◆ Work order
Please restate exactly the lines of the data below, beginning with the line containing "The object was" and ending with the last line.

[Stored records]
--

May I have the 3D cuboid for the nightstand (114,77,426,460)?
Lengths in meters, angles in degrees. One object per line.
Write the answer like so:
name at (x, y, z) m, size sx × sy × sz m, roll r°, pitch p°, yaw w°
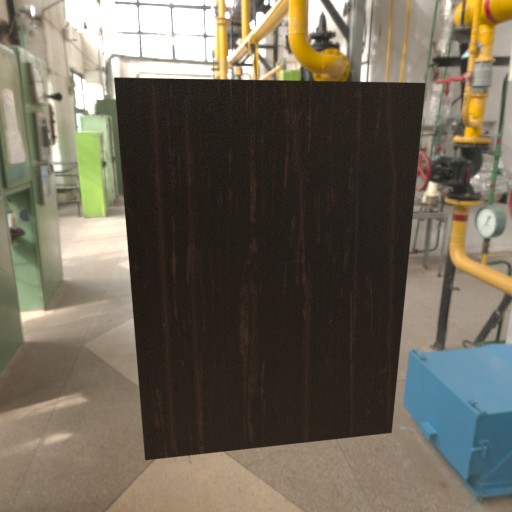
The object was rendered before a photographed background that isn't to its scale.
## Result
nightstand at (0.000, 0.000, 0.803) m, size 0.400 × 0.559 × 0.356 m, roll -3°, pitch 16°, yaw -9°

--

◆ Problem solution
The object was rendered before a photographed background that isn't to its scale.
## Result
nightstand at (0.000, 0.000, 0.803) m, size 0.400 × 0.559 × 0.356 m, roll -3°, pitch 16°, yaw -9°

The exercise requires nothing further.